Petitioners also allege that the  tenant voluntarily  surrendered  the property to the  landowner,  as  evidenced by an affidavit executed  by Pareja on July i6, 1955 and subscribed before the Justice of the  Peace of Tanza, Cavite, the translation of which reads:
"I, PEDRO PAREJA, of legal age, and residing in the municipality of Tanza, Cavite,  under oath, state the following:

"That in accordance with what I have declared before the Provincial Fiscal of Cavite during the investigation (July 6, 1955), I will not interfere with or continue  the  cultivation in the land of Mr. Florentino  Joya in Balite, Tanza, Cavite, Lot No. 1171,  and which I am voluntarily returning  to him, nevertheless I am  leaving  to the C.I.R.  or Agrarian Court the  determination of  whatever right I may have in  said land.

"IN WITNESS WHEREOF, I  hereby sign  this  document, in the  Municipal building of Tanza, Cavite, this 16th day of July, 1955.

(Sgd.)  PEDRO PAREJA"
This  statement notwithstanding, the  lower court found that "petitioner's fear after his incarceration was ordered by the  Justice of the Peace was such that his freedom of choice was impaired, or at least restricted.  Under such circumstances, he was not  acting voluntarily."   

This conclusion is  fully supported by the record of the case.  The explanation  of the  tenant is sufficiently borne out by the circumstances attending the execution  of the document.  At the time he made the statement both in the office of the Provincial Fiscal and the Justice of the Peace of Tanza  (who ordered his previous arrest), petitioner Florentino Joya was in attendance.  The criminal action filed by Florentino  against him was then pending in the justice of the peace court.  The fact that immediately after the execution of the affidavit the landowner moved for the dismissal of the aforementioned criminal case corroborates Pareja's testimony that he had  to do as he did out of fear of further harassment.

Significantly too, it  may be  observed from  a reading of  the  document  that  the  affiant  did not turn over the property to the owner unconditionally.  On the contrary, he  made a reservation of  his right to secure from the proper  court a judicial declaration of whatever interest he  may have  in  the  land.  This  indeed  contradicts the supposed "voluntariness" of the tenant's  act in giving up the land.

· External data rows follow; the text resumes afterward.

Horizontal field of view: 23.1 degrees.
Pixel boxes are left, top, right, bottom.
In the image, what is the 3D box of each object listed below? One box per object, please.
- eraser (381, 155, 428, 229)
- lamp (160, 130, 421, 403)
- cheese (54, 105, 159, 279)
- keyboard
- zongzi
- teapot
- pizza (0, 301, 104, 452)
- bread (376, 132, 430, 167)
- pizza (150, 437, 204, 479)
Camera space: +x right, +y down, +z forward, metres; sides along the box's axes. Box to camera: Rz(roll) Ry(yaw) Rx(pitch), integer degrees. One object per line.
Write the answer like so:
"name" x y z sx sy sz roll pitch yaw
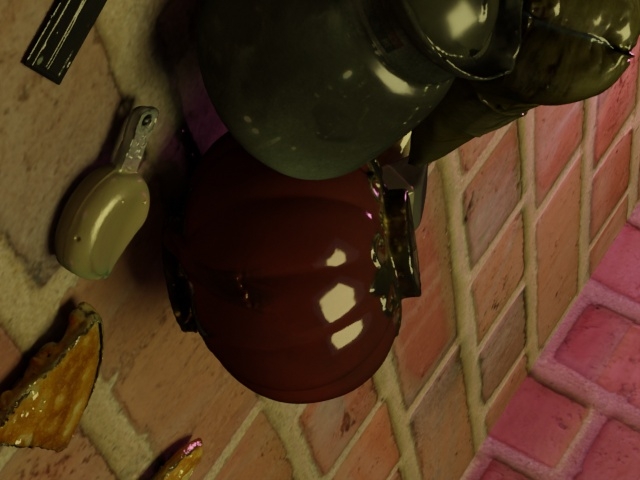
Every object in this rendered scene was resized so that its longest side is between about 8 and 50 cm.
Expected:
"eraser" 0.000 0.000 1.849 0.352 0.061 0.089 -27 141 -24
"lamp" -0.029 0.018 1.617 0.303 0.257 0.303 -9 90 -84
"cheese" -0.190 -0.044 1.469 0.171 0.047 0.092 -60 160 -5
"keyboard" -0.184 -0.224 1.305 0.198 0.010 0.063 -61 161 -1
"zongzi" 0.185 -0.165 1.602 0.356 0.174 0.393 -100 -153 -59
"teapot" 0.042 -0.231 1.398 0.285 0.305 0.223 -20 179 41
"pizza" -0.280 0.163 1.545 0.176 0.036 0.184 -39 152 -41
"bread" 0.079 -0.100 1.981 0.225 0.081 0.134 -58 154 -2
"pizza" -0.191 0.303 1.948 0.123 0.026 0.108 -39 153 -50

With respect to the  charge that a portion of the land was utilized by the tenant as a  "tilapia" fish pondt  we agree with the lower court that there is  no evidence that it resulted in Material injury to the land (Sec. 51, Rep. Act 1199).  The uncontradicted testimony is that the fishpond was made on requirement  of the Bureau of Agricultural Extension that every  farmer in the vicinity should have a small fishpond, and that this  particular fishpond was on the  portion  ("balot")  not used  for planting rice (pp. 81-82,  Record.)

Wherefore,  finding no  reason  to review the  decision appealed from, the same  is  hereby affirmed, with costs against petitioner Florentino Joya.  So ordered.

Paras C. J., Bengzon,  Padilla, Montemayor, Bautista  Angelo, Labrador, Endencia, and Gutierrez  David JJ.,   concur.



[1] Tolentino vs. Gonzales Sy  Chian, 50 Phil.,

[2] See Section 22,  Republic  Act 2263, which provides: "Sec.  22. The provisions of this  Act  shall  be  applicable to  all cases pending in any court at the time of the approval of this Act."

[3] Section 56, Republic Act 1199, as amended.